LONDON — Authorities began combing through the wreckage of a Scottish pub Saturday for clues as to why a police helicopter plunged onto its roof, killing at least eight people, including all three on board, and seriously injuring 14.
"A full and thorough investigation into what happened last night has already begun," Stephen House, chief constable of Scotland Police, told reporters in the city of Glasgow, which awoke to an extraordinary scene of damage on the banks of the River Clyde.
House confirmed that two police officers aboard the helicopter and the civilian pilot died, as well as five people inside the Clutha Vaults bar on Stockwell Street. Thirty-two people were taken to hospitals, 14 of them with serious injuries.
Rescue crews searched for anyone still trapped in the rubble of the pub, though hope of finding survivors faded as the hours passed. Earlier Saturday, as a clear day dawned, one of the yellow-tipped rotor blades of the downed chopper could be seen poking out from the tavern's roof before police covered the site with blue tarpaulins.
Workers attempted to stabilize the building, and a massive crane towered over the damaged structure Saturday evening. On the ground, well-wishers laid flowers in tribute to those who died.
The Eurocopter EC135 T2 helicopter fell out of the sky about 10:25 p.m. Friday. Some witnesses reported hearing the chopper's engines sputter and cut before it plummeted, in a silent free fall, onto the Clutha.

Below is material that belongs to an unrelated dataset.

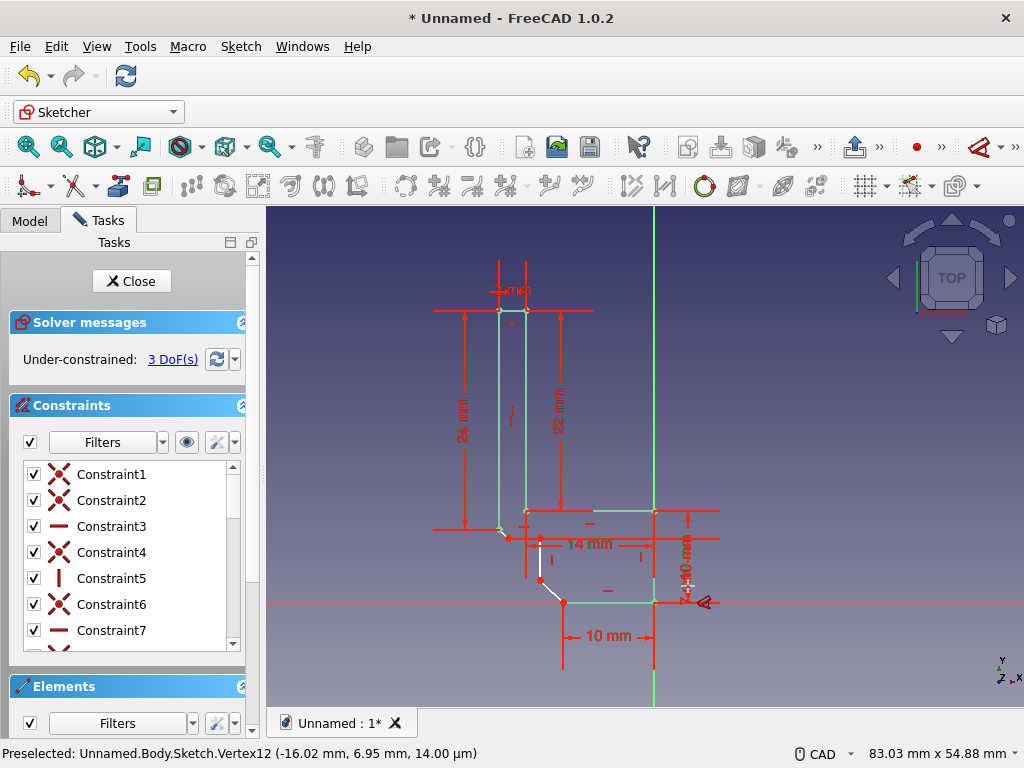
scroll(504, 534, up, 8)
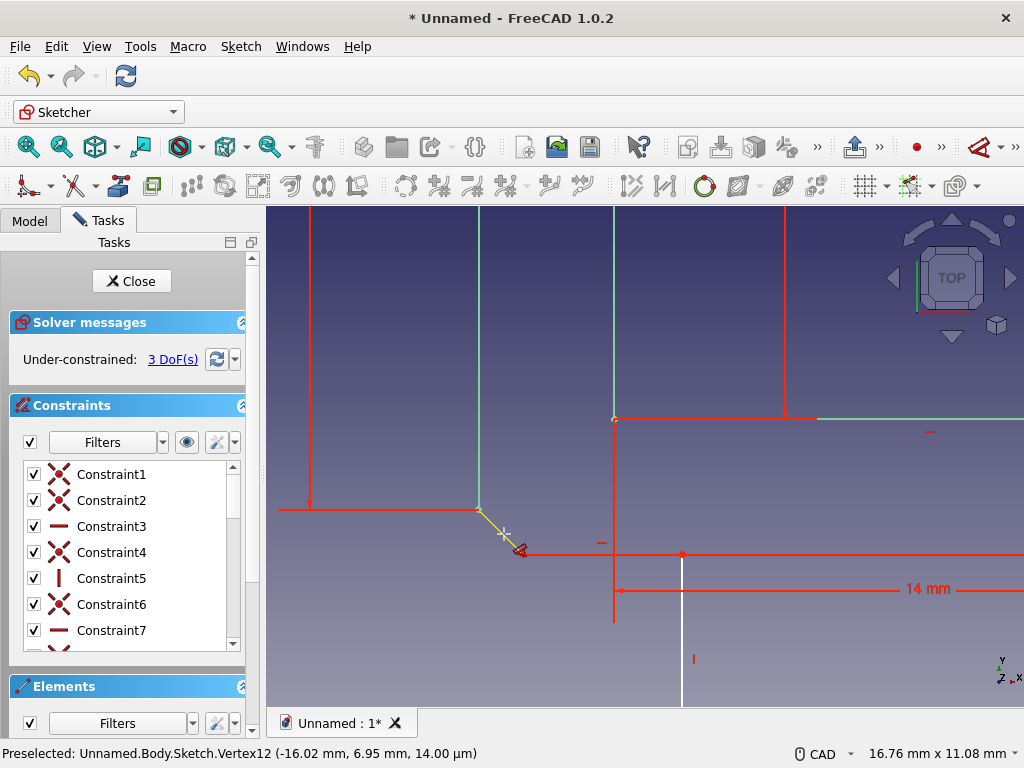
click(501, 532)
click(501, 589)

Inside were an estimated 100 people enjoying live music and celebrating on the eve of St. Andrew's Day, Scotland's national day. Several witnesses said the disaster was not apparent at first, at least in their section of the pub, and the ceiling did not immediately collapse.
"No one had a clue what was going on. There was no loud noise. ... No one knew a helicopter crashed till people told you," patron Grace MacLean told Sky News. "There was just a gradual coming down of the roof and some dust. It wasn't like an instantaneous bang and explosion."
Customers — some coughing, others bleeding — led one another through the rubble to the exits, witnesses said. Bystanders, including a member of the British Parliament, rushed to help those struggling to get out.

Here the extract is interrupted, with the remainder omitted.